La Corte di merito in sede di rinvio, dopo avere sinteticamente puntualizzato, alla luce del dictum della Cassazione, di dover determinare l’indennità di espropriazione secondo il criterio del valore venale previsto dall’art.39 della legge n.2359/1865, tenendo conto delle effettive possibilità legali di edificazione derivanti dall’inclusione dell’area in un pr ogramma di insediamenti produttivi (PIP) e di avere disposto CTU all’uopo, ha recepito le conclusioni rassegnate dal Consulente all’esito della stima eseguita seguendo il metodo sintetico-comparativo, disattese le critiche e gli argomenti contrari svolti d all’espropriato, ed ha determinato l’indennità dovuta in euro 424.455,00=, disponendone il deposito, con gli interessi al tasso legale dal 28/8/1995, presso Cassa Depositi e Presiti, detratte le somme eventualmente già versate.
NOME COGNOME ha proposto ricorso per la cassazione della sentenza depositata il 17/7/2017 con quattro mezzi, illustrati con memorie. Il Comune di Pistoia ha replicato con controricorso e memorie.
CONSIDERATO CHE:
2.- Nel ricorso sono svolti i seguenti motivi:
I) Violazione e falsa applicazione degli artt. 7 e 11 delle NTA del PRG del Comune di Pistoia adottato con delibera del Consiglio Comunale n.723 del 27/7/1983 e approvato con delibera della Giunta Regionale Toscana n.10795 del 14/10/1985, dell’art.27 della legge n. 865/ 1971 e dell’art.13 della legge n.1150/1942 in relazione agli artt. 32 e 37 del d.P.R. n.327/2001.

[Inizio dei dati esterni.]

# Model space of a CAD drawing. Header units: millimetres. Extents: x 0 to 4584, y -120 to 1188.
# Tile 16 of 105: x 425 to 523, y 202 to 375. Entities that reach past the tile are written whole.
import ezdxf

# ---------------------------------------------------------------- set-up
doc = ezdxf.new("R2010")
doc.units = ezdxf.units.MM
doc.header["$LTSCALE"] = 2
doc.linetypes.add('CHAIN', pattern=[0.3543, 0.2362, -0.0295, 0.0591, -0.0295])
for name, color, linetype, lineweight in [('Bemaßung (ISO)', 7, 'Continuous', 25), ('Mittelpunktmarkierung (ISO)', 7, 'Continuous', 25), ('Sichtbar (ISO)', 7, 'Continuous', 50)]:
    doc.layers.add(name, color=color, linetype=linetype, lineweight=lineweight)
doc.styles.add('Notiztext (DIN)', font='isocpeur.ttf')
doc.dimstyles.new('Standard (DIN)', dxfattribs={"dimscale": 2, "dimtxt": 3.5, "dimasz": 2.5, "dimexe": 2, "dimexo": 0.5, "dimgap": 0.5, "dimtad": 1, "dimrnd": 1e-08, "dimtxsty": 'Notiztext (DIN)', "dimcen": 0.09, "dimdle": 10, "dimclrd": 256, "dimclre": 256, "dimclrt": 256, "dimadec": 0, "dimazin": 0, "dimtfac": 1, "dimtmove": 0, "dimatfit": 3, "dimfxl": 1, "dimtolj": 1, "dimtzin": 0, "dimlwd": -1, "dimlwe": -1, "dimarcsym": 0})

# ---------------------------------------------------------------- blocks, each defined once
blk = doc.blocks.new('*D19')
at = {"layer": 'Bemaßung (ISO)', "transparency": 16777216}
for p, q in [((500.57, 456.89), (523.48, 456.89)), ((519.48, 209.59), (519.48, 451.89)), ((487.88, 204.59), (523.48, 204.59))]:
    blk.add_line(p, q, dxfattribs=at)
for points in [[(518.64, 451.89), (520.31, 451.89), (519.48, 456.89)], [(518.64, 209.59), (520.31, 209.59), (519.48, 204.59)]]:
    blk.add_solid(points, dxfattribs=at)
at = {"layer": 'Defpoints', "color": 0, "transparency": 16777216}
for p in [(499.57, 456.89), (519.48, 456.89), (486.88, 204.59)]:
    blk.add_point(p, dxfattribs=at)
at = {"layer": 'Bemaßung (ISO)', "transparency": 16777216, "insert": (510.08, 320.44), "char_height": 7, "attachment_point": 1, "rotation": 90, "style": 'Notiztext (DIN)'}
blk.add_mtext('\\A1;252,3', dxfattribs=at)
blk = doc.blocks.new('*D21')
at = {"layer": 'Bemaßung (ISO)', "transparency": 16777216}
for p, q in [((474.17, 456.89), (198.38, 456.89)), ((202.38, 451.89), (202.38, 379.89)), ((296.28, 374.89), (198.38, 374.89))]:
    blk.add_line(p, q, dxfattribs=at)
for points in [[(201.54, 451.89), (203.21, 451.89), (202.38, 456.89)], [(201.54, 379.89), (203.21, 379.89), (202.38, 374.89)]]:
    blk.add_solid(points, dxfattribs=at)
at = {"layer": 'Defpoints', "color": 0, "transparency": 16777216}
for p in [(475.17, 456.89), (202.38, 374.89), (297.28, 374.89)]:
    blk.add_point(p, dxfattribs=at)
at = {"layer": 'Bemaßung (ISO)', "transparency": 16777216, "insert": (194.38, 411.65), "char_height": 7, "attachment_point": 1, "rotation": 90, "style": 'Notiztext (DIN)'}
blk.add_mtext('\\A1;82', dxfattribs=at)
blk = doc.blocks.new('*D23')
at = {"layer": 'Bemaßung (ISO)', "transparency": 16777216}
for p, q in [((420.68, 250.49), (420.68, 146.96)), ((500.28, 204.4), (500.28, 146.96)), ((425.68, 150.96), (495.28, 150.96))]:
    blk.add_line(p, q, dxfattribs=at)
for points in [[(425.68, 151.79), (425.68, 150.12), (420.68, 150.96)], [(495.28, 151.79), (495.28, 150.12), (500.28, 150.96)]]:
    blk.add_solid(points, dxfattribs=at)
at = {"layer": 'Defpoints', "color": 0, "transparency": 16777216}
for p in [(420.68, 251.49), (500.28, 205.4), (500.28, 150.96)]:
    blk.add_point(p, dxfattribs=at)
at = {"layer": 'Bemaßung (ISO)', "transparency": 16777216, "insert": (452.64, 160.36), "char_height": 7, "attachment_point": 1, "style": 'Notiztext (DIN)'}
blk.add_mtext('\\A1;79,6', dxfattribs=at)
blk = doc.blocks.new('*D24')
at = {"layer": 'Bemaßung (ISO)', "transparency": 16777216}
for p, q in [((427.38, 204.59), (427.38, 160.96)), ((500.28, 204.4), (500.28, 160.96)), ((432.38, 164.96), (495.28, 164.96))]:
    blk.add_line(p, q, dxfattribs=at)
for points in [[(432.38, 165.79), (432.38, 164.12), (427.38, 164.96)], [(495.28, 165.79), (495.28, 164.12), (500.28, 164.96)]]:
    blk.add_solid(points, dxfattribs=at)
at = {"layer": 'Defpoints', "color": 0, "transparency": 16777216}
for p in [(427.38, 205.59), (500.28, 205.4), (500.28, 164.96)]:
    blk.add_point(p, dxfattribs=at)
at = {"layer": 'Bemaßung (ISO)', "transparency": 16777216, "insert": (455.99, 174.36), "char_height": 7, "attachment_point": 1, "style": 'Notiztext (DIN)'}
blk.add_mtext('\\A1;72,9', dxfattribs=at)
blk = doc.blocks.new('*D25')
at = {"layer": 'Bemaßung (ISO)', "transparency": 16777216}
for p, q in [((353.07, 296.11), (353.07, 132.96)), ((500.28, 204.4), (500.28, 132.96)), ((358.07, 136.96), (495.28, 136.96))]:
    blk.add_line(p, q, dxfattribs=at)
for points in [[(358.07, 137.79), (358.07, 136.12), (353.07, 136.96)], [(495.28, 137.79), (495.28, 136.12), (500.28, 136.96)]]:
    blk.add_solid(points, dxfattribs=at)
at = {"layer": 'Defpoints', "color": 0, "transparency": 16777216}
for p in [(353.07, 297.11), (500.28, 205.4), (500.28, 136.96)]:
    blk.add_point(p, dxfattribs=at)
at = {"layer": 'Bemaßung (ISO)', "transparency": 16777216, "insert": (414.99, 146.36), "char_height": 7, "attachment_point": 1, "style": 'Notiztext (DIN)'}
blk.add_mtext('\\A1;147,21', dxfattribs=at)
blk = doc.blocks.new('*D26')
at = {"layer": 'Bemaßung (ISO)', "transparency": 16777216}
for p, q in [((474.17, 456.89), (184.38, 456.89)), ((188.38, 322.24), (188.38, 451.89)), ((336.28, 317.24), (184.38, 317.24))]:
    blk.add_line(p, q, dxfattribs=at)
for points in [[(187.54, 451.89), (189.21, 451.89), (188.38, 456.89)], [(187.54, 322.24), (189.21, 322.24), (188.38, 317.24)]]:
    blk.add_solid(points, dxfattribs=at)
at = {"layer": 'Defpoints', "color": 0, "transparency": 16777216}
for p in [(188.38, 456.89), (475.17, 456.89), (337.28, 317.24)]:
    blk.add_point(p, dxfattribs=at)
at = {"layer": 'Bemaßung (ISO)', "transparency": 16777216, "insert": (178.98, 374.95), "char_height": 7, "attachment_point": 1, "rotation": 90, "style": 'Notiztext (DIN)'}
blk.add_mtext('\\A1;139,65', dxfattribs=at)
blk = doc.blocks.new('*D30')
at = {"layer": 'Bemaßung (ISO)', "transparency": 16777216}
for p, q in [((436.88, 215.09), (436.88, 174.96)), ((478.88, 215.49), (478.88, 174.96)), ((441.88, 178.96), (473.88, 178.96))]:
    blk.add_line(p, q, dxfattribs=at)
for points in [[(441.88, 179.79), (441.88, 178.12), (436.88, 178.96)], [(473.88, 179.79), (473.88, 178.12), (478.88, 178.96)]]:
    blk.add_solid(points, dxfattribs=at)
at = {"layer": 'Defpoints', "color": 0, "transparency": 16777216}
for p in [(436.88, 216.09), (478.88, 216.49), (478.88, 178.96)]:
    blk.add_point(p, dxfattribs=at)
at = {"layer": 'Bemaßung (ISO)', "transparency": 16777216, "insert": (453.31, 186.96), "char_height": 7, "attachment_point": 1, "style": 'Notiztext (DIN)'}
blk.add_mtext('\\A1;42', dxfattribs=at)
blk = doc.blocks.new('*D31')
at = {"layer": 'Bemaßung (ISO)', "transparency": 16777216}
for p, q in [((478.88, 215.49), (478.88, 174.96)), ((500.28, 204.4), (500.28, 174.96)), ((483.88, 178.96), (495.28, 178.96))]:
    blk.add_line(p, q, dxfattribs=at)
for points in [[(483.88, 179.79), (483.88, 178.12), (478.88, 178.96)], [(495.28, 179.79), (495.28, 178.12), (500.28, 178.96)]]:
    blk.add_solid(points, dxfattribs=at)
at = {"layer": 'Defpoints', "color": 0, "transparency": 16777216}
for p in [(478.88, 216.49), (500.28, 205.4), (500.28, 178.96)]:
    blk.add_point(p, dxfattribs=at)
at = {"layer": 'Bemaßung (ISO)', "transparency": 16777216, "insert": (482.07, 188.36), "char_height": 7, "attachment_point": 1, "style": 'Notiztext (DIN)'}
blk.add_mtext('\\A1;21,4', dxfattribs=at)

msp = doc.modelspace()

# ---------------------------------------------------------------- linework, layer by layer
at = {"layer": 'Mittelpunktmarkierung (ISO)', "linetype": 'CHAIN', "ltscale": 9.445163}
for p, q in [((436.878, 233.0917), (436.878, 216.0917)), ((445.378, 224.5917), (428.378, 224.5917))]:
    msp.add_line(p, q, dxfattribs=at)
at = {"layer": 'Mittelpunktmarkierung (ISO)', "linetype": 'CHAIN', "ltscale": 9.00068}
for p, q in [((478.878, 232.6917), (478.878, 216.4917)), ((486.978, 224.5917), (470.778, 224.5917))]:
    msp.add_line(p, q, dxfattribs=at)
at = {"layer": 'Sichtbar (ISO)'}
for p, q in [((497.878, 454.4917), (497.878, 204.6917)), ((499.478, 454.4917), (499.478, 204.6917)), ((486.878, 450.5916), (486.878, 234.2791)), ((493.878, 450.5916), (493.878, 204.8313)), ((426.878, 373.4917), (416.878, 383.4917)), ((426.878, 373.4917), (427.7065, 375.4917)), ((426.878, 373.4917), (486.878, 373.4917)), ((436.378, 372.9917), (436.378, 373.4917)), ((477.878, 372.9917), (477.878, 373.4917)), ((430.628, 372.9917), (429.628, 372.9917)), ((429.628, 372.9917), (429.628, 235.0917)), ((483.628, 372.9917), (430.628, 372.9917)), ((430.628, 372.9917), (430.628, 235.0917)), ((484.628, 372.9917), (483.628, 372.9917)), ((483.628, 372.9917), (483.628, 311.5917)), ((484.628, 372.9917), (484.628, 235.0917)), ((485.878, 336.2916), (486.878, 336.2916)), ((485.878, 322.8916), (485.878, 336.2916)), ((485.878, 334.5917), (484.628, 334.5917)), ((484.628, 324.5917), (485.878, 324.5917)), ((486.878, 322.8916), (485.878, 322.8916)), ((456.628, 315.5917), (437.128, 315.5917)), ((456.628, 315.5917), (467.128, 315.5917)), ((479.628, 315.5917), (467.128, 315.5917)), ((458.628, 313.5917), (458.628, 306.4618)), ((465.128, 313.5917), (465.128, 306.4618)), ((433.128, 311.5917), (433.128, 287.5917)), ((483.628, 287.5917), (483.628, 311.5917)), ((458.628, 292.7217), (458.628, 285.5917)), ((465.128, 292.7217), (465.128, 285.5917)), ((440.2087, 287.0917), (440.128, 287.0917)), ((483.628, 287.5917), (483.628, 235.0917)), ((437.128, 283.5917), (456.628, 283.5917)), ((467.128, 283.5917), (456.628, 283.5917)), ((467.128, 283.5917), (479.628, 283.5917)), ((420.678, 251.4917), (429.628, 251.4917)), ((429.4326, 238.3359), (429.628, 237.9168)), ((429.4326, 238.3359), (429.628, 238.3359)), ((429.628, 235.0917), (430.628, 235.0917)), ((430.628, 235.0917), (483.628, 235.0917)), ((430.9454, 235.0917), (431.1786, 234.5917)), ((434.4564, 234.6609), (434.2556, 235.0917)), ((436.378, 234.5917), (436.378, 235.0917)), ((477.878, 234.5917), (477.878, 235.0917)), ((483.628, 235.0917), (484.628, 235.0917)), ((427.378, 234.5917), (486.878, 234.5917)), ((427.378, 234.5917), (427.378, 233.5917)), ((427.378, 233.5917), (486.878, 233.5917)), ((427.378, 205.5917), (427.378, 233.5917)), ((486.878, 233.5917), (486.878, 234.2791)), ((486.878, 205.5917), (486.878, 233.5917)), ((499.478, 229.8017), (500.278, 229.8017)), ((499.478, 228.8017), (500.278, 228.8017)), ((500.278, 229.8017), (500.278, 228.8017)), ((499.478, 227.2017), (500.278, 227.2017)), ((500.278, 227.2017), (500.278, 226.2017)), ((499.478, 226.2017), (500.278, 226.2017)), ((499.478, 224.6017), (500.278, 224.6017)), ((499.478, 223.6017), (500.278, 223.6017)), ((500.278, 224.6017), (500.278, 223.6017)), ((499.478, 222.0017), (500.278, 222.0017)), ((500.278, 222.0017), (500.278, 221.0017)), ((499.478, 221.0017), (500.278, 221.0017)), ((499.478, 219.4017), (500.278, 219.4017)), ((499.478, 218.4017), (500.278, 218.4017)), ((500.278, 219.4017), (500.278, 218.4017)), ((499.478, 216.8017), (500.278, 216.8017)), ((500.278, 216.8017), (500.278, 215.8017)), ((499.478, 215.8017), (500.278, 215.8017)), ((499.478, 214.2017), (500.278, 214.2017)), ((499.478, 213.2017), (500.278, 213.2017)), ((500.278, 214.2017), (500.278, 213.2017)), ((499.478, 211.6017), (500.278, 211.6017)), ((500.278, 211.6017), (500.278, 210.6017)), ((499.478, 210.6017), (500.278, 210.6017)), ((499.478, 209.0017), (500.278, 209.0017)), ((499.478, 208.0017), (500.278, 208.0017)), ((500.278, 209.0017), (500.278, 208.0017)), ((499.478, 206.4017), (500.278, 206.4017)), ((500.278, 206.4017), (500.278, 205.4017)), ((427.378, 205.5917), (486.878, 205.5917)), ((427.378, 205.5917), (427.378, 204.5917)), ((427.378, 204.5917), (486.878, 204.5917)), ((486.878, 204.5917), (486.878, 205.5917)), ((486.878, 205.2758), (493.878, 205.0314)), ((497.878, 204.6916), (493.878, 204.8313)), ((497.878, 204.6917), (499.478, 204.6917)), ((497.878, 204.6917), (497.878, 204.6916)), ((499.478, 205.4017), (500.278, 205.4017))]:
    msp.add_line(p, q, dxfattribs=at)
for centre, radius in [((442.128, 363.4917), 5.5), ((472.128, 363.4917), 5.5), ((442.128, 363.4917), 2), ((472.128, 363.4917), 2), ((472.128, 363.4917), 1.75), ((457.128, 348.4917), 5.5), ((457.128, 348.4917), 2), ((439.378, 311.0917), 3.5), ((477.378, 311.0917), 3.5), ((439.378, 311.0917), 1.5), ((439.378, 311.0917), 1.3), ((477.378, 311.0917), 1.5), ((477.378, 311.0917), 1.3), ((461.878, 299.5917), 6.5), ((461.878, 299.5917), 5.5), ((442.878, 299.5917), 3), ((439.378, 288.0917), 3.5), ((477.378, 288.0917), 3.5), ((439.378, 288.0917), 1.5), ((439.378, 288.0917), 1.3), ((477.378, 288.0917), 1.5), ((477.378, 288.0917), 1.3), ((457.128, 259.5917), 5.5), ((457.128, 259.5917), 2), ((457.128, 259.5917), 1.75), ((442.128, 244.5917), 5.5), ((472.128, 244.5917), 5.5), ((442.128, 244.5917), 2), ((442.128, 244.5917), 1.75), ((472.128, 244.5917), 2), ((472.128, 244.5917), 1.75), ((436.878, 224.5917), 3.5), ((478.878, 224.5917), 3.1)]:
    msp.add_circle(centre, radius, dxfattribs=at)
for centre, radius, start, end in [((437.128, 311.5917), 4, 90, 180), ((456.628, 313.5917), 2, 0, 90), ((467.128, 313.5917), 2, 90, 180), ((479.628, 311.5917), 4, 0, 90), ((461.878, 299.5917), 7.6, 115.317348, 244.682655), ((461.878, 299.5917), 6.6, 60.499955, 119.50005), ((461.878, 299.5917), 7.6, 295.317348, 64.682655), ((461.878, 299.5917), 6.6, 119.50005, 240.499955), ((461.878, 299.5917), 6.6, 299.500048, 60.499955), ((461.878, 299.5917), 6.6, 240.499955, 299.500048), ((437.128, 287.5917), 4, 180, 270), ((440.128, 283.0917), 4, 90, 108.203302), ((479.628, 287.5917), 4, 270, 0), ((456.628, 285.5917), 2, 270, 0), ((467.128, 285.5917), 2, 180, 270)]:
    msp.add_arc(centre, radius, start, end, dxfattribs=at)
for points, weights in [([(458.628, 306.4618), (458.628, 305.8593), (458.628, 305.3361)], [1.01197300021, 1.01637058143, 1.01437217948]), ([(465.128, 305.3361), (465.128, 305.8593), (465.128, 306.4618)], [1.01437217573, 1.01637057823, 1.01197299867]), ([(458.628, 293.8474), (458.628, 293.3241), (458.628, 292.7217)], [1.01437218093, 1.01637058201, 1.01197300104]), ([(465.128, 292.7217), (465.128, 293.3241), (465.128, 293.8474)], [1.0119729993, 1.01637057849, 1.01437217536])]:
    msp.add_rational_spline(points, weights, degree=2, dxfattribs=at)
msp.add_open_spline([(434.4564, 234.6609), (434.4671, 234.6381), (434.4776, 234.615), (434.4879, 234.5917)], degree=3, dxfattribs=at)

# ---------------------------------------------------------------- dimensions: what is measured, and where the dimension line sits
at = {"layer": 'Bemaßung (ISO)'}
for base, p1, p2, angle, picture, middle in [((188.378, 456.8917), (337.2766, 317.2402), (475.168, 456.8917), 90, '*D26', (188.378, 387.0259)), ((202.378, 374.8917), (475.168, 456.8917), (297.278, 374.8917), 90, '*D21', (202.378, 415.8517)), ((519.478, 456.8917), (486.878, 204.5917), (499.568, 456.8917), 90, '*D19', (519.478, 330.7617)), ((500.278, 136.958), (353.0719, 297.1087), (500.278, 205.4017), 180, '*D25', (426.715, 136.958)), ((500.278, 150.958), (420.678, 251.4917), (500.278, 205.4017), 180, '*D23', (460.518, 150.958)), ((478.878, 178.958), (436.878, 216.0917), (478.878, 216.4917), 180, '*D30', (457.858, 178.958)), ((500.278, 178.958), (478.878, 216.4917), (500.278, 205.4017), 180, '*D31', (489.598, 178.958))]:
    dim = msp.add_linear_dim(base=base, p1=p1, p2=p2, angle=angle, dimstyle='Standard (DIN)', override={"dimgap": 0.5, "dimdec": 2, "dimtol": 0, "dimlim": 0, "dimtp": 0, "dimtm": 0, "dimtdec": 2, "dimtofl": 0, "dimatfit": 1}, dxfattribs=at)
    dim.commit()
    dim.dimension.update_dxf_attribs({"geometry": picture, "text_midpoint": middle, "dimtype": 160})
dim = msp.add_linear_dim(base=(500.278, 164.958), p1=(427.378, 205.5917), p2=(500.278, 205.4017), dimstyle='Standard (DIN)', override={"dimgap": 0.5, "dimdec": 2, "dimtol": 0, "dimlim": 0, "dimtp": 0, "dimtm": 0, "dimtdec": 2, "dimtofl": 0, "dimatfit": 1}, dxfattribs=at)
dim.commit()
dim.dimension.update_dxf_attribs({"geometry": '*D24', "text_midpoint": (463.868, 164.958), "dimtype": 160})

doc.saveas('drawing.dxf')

Il ricorrente sostiene che la sentenza impugnata è illegittima laddove la Corte di merito ha ritenuto corretta la quantificazione della superficie lorda edifi cabile nell’intero comparto nella misura individuata dal CTU di mq 7.176, rispetto a quella stimata dal CTP in mq. 8.252 sulla base della -a dire del ricorrente – corretta applicazione della superficie aggiuntiva del 15% prevista dall’art.7 della NTA del PRG Comunale per il potenziamento dei servizi generali collettivi in caso di nuove costruzioni; il ricorrente sostiene che i principi espressi da Cass. n. 22990/2014 ed applicati dalla Corte di merito non siano confacenti alla fattispecie in esame in quanto -a suo dire (fol.11 del ric.) -il PIP approvato dal Comune di Pistoia con delibera consiliare n.974 del 20/7/1989 non aveva avuto effetto di variante della disciplina urbanistica di zona prevista dall’allora vigente PRG, atteso che già con Variante al PRG approvata dalla Regione Toscana con delibera di Giunta n.10795 del 14/10/1985 l’Amministrazione comunale aveva ricompreso le aree oggetto di esproprio all’interno della delimitazione delle aree per l’insediamento della grande distribuzione prevedendo per l’attuazione delle stesse gli specifici indici di fabbricabilità, i quali poi erano stati recepiti nel PIP nel luglio 1989.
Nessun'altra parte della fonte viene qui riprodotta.